В волосах сор. Одежда - лохмотья. Климат благоприятствует.
ПЕРВЫЙ
На вавилонских реках
Течения быстры,
Стремнины такие
И водовороты,
Что гибели не избежать.
Дора Радович
"...вода стеной. Одна, вторая, четыре стены, вроде как комната вышла. Берешь ржавый болт, с трудом ввинчиваешь в толщу воды и можно вешать картину. Картина о любви, самое ценное, что есть у меня - ты? Плечи, волосы, лужа золотого света над и вокруг головы. Улыбка и сразу смех. Всего не вместить в двадцать пятый кадр.

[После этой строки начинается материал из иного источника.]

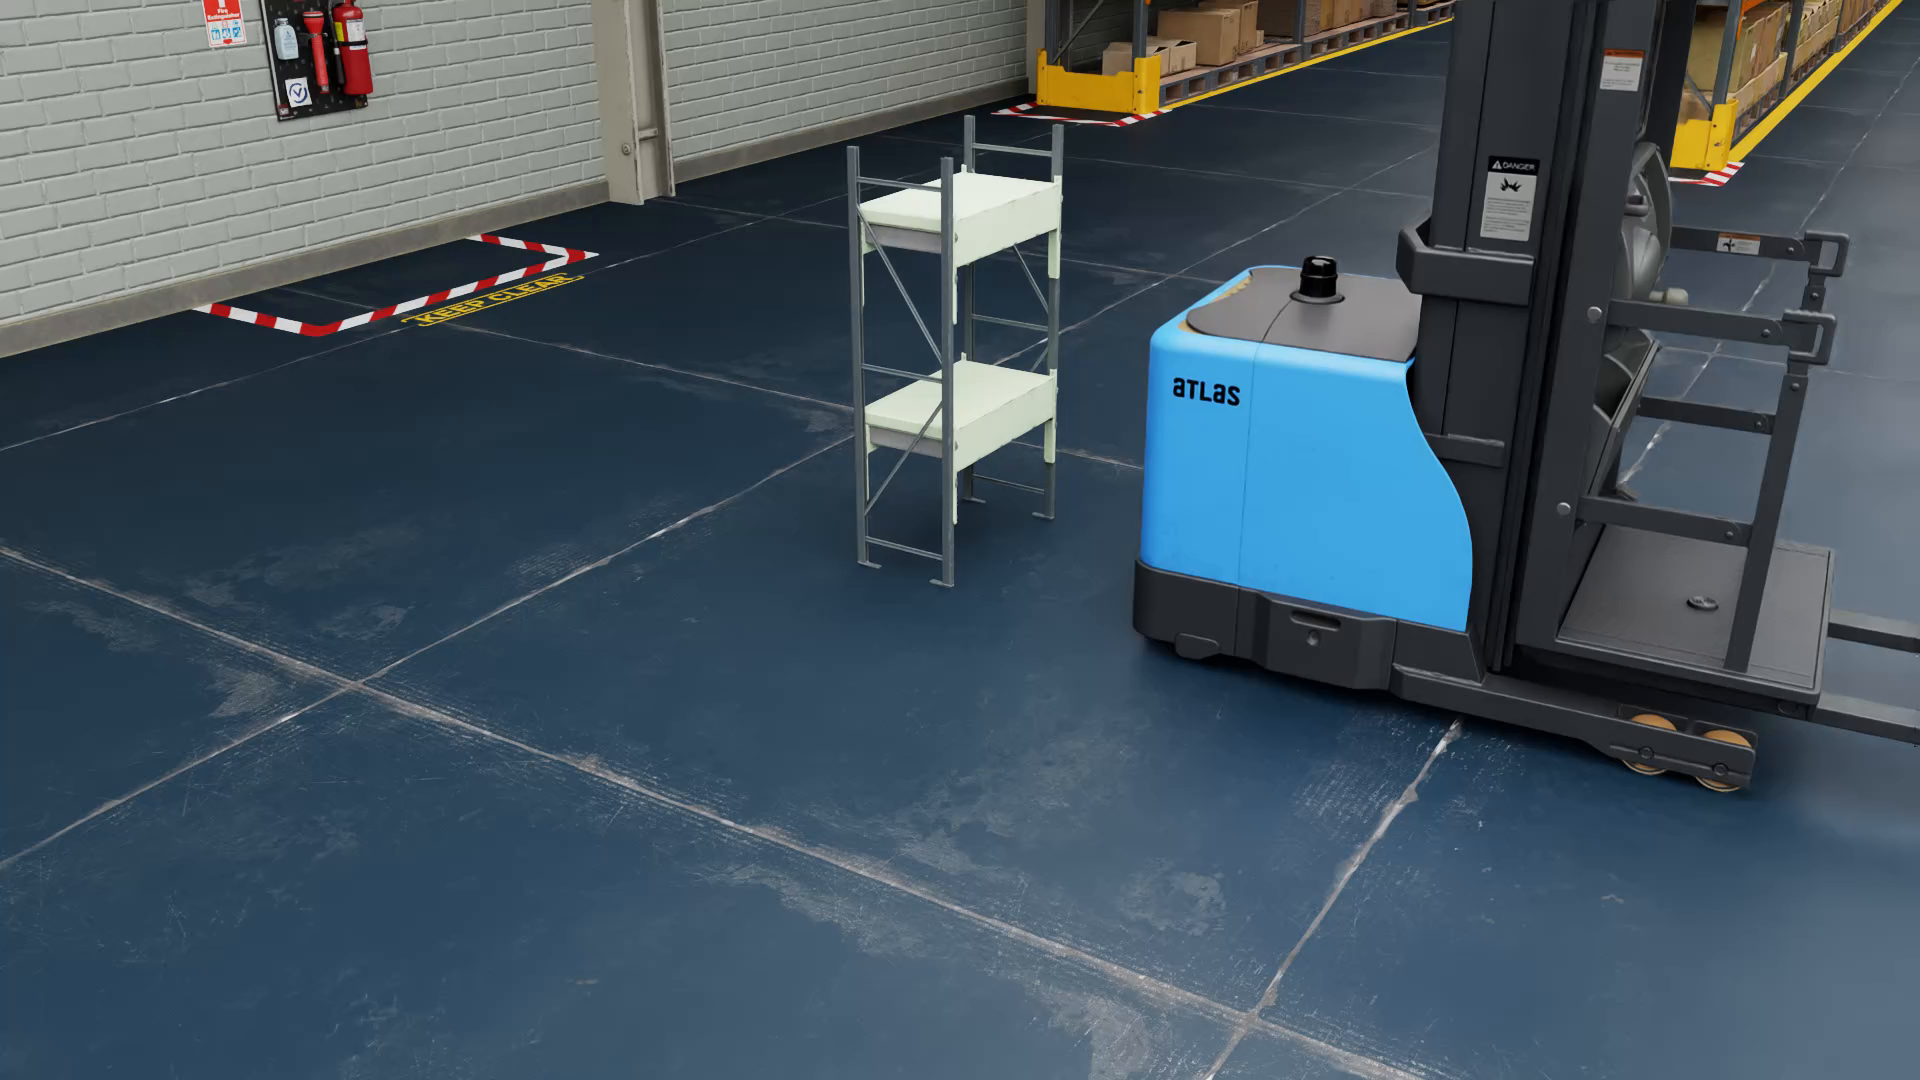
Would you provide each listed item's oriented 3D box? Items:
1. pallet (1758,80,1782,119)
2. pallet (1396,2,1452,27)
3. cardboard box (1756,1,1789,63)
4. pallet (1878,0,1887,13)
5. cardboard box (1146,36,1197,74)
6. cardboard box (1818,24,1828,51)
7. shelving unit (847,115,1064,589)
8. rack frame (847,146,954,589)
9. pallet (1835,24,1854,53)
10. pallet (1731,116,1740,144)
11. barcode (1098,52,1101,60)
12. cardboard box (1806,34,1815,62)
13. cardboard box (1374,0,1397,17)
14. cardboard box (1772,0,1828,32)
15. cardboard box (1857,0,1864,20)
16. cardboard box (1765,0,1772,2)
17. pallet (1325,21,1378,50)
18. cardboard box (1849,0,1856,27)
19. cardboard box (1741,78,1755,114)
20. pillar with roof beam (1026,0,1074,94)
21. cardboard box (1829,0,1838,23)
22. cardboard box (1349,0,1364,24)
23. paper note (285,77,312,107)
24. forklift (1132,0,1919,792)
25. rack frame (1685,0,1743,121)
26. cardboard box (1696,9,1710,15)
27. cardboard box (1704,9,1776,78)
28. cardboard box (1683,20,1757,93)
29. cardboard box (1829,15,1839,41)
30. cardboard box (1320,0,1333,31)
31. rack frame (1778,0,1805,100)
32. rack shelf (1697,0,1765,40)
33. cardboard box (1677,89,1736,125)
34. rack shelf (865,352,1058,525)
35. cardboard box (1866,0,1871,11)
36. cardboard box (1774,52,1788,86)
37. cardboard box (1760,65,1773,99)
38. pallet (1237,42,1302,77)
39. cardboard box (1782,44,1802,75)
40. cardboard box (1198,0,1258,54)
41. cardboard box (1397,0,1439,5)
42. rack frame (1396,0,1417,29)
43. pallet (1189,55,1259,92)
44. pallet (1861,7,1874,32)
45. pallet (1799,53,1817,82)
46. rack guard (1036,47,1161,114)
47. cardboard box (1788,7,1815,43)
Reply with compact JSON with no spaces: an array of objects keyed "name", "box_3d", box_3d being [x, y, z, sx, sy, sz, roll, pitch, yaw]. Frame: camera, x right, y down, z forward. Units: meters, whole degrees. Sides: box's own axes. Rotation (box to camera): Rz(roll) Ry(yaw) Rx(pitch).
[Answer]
[{"name":"pallet","box_3d":[7.114,-4.209,15.708,1.003,0.211,1.213,14,27,29]},{"name":"pallet","box_3d":[5.949,-7.106,22.399,1.003,0.211,1.213,14,27,29]},{"name":"cardboard box","box_3d":[7.237,-4.655,15.216,0.500,0.500,0.500,14,27,29]},{"name":"pallet","box_3d":[12.795,-7.814,24.035,1.003,0.211,1.213,14,27,29]},{"name":"cardboard box","box_3d":[1.991,-4.811,16.417,0.500,0.311,0.500,16,28,33]},{"name":"cardboard box","box_3d":[9.072,-5.457,18.013,0.500,0.250,0.500,15,27,30]},{"name":"shelving unit","box_3d":[-0.004,-0.686,5.947,0.431,1.500,0.755,14,27,29]},{"name":"rack frame","box_3d":[-0.197,-0.562,5.661,0.400,1.500,0.023,14,27,29]},{"name":"pallet","box_3d":[10.105,-6.063,19.990,1.003,0.211,1.213,14,27,29]},{"name":"pallet","box_3d":[5.827,-3.386,13.806,1.003,0.211,1.213,14,27,29]},{"name":"barcode","box_3d":[1.360,-4.712,16.179,0.001,0.075,0.075,14,27,29]},{"name":"cardboard box","box_3d":[8.534,-5.111,17.214,0.500,0.250,0.500,13,27,27]},{"name":"cardboard box","box_3d":[5.133,-6.936,21.090,0.700,0.500,0.500,14,27,30]},{"name":"cardboard box","box_3d":[8.809,-5.543,17.506,0.500,0.311,0.500,15,27,30]},{"name":"cardboard box","box_3d":[10.973,-6.771,20.707,0.500,0.500,0.500,13,27,27]},{"name":"cardboard box","box_3d":[8.342,-5.647,17.746,0.500,0.311,0.500,13,27,28]},{"name":"pallet","box_3d":[4.411,-6.182,20.265,1.003,0.211,1.213,14,27,29]},{"name":"cardboard box","box_3d":[10.433,-6.425,19.909,0.500,0.500,0.500,13,27,27]},{"name":"cardboard box","box_3d":[6.456,-3.802,14.190,0.500,0.250,0.500,14,27,29]},{"name":"pillar with roof beam","box_3d":[4.541,-7.704,12.719,9.100,9.000,0.400,14,27,29]},{"name":"cardboard box","box_3d":[9.343,-5.882,18.288,0.500,0.311,0.500,13,27,28]},{"name":"cardboard box","box_3d":[4.525,-6.613,20.344,0.700,0.500,0.500,14,27,29]},{"name":"paper note","box_3d":[-3.770,-2.552,9.479,0.016,0.148,0.142,14,27,29]},{"name":"forklift","box_3d":[2.109,-0.886,4.606,3.031,2.935,1.130,12,26,25]},{"name":"rack frame","box_3d":[5.459,-4.399,12.635,1.000,3.000,0.127,14,27,29]},{"name":"cardboard box","box_3d":[6.269,-4.426,14.687,0.500,0.500,0.500,14,27,29]},{"name":"cardboard box","box_3d":[6.725,-4.314,14.428,0.500,0.500,0.500,14,27,29]},{"name":"cardboard box","box_3d":[6.193,-3.977,13.650,0.500,0.500,0.500,14,27,29]},{"name":"cardboard box","box_3d":[9.609,-5.801,18.807,0.500,0.250,0.500,15,27,30]},{"name":"cardboard box","box_3d":[3.963,-6.277,19.567,0.700,0.500,0.500,13,27,28]},{"name":"rack frame","box_3d":[7.569,-5.749,15.754,1.000,3.000,0.127,14,27,29]},{"name":"rack shelf","box_3d":[6.514,-4.744,14.337,1.077,0.370,4.000,14,27,29]},{"name":"cardboard box","box_3d":[5.931,-3.464,13.408,0.500,0.250,0.500,14,27,29]},{"name":"rack shelf","box_3d":[-0.004,-0.387,6.076,0.431,0.370,0.720,14,27,29]},{"name":"cardboard box","box_3d":[11.504,-7.112,21.495,0.500,0.500,0.500,14,27,29]},{"name":"cardboard box","box_3d":[7.510,-4.477,15.749,0.500,0.250,0.500,14,27,29]},{"name":"cardboard box","box_3d":[6.987,-4.139,14.967,0.500,0.250,0.500,14,27,29]},{"name":"pallet","box_3d":[3.035,-5.272,18.162,1.003,0.211,1.213,14,27,29]},{"name":"cardboard box","box_3d":[7.992,-4.764,16.411,0.500,0.250,0.500,13,27,28]},{"name":"cardboard box","box_3d":[2.845,-5.482,17.729,0.500,0.500,0.500,12,26,25]},{"name":"cardboard box","box_3d":[5.968,-7.563,22.121,0.750,0.750,0.750,13,27,28]},{"name":"rack frame","box_3d":[5.469,-8.136,21.267,1.000,3.000,0.127,14,27,29]},{"name":"pallet","box_3d":[2.392,-4.858,17.207,1.003,0.211,1.213,14,27,29]},{"name":"pallet","box_3d":[11.392,-6.887,21.892,1.003,0.211,1.213,14,27,29]},{"name":"pallet","box_3d":[8.567,-5.139,17.856,1.003,0.211,1.213,14,27,29]},{"name":"rack guard","box_3d":[1.289,-4.314,15.586,1.175,0.500,0.348,14,27,29]},{"name":"cardboard box","box_3d":[8.267,-5.192,16.694,0.500,0.311,0.500,14,27,28]}]

Мы познакомились, потом подружились и больше никогда уже не говорили о любви. Маленькая дочь, задумчиво склонив голову, сказала бы "лубофь", как о диковинной птице. А мы не говорили. Сколько нежно-тревожных слов на лю - "лютня", "лютики", "люк", но означающее нашу человечью "любов" доносит запах свеклы из борща.
Зачем самолету пушистый ангорский хвост?"
ШЕСТОЙ
- Иди спать, малыш, - мамин голос.
- Норман, немедленно в постель, - сонный Матвей.

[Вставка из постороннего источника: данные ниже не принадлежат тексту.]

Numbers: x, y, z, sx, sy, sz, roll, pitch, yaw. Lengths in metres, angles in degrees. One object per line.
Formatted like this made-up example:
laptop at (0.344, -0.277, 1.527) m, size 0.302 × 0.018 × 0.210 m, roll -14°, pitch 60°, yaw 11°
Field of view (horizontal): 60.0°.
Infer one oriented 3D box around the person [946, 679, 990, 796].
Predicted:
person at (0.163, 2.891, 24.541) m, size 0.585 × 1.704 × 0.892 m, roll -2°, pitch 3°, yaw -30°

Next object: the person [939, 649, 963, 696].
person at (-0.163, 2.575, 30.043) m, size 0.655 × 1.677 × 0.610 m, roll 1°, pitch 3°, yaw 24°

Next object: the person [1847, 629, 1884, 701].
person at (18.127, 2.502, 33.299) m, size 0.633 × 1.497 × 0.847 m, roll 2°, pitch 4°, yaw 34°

- Кто последний спать, тот дурак! - я.
- Где ты? - снова мама.
- Он под кроватью.
- Он под столом.
- Мам, а они ябиднисяют, - другим голосом, механически, - я вылез в окно. Я прошел через сад. Остановился у дороги.
- Продолжай.
- Потом побежал по ней, чтобы скорее увидеть, что в конце.
- Увидел?
- Нет, он сел и заплакал.
- Добрые люди привели его домой и незаметно втолкнули.
Да, вот же он, у дверей, заигрался в жизнь и уснул с плюшевым силовечком на руках.
- В кроватку его.
СЕДЬМОЙ
Матвею часто снился один и тот же сон: прозрачный осенний с миниатюрными деревцами. Под каждым по грибку: поддубники под дубками, под елкой по веселке. На сосенках иголки мягкие, все, как одна, ювенильные. Заяц с мышонка, голодный, кору подгрызает. Лесная мышь с крупного жука в норку юрк. Испугалась шагов большого человека - Матвея-великана.
Он остановится, заслонит рыжей головой светило и станет припекать каждой травинке, каждой зверюшке заместо несостоятельного осеннего солнца.
ВТОРАЯ
Карме не спалось. В конце концов Марк может встречатся с кем пожелает. Он ей сразу сказал: "Буд-демте д-д-рузьями-ями." Да, так и сказал. Он ведь заика, этот Марк-заинька.
Найти бы парня что надо. И красивого, как парсифаль. Где? Стала перебирать варианты и, уже задыхаясь от надвигающегося сна, решила - надо сходить в ки-немо-мо-не мо-то-не то-граф-аф.
И пришел сон. Оседлав жабу с умными серыми звездочками вместо глаз, Карма въехала в камне-на-каменный город. Дети всех возрастов, даже очень маленькие, встречали ее халвой и хвалой, пели, танцевали, веселились. Карма слезла с амфибии, и жаба ушлепала вглубь, где ее стреножили и давай кормить хлебосолами с сыром. Карма переобулась, промыла глаза, прилепила у верхней губы золотистую мушку - и готово. К чему церемонии, если наверху, в башне, тебя ждет родная мать, мамама!
По лестнице поднялась в башню. Там, расплывшаяся в весе так, что уже касалась боками белых-беленых стен, полулежала на софе ма.
- Кормят здесь хорошо. И все время кофе подают, на девятой чашке кофейные плантации перед глазами. Даже ночью будят, чтобы покормить пончиками или ватрушками. Ты не знаешь, для чего это им?
Для чего, для чего, мама. Не ела бы ты эту дрянь, никогда бы не узнала.
ТРЕТИЙ
Засыпая, Марк подумал: "Третьему не дано", во сне увидел синюю змею с детками. Она свивалась и развивалась, сматывалась в клубок, из змеят получались то ноли, то бесконечности отчетливо синие. "Ма, мамама, дай нам каши, каши, ши", - просили ноли и бесконечности. И мама-змея давала всем одинаково, по ложке вареного с медом и дегтем пшена, и приговаривала: "Таковых будет рай, таковых - ад, а таких не будет ни в раю, ни в аду. Они не родятся, они не умрут, не будут играть в чехарду."
ЧЕТВЕРТЫЙ
Мы вернем Богу игрушки, отнятые у него взрослыми. Мы подарим ему новые.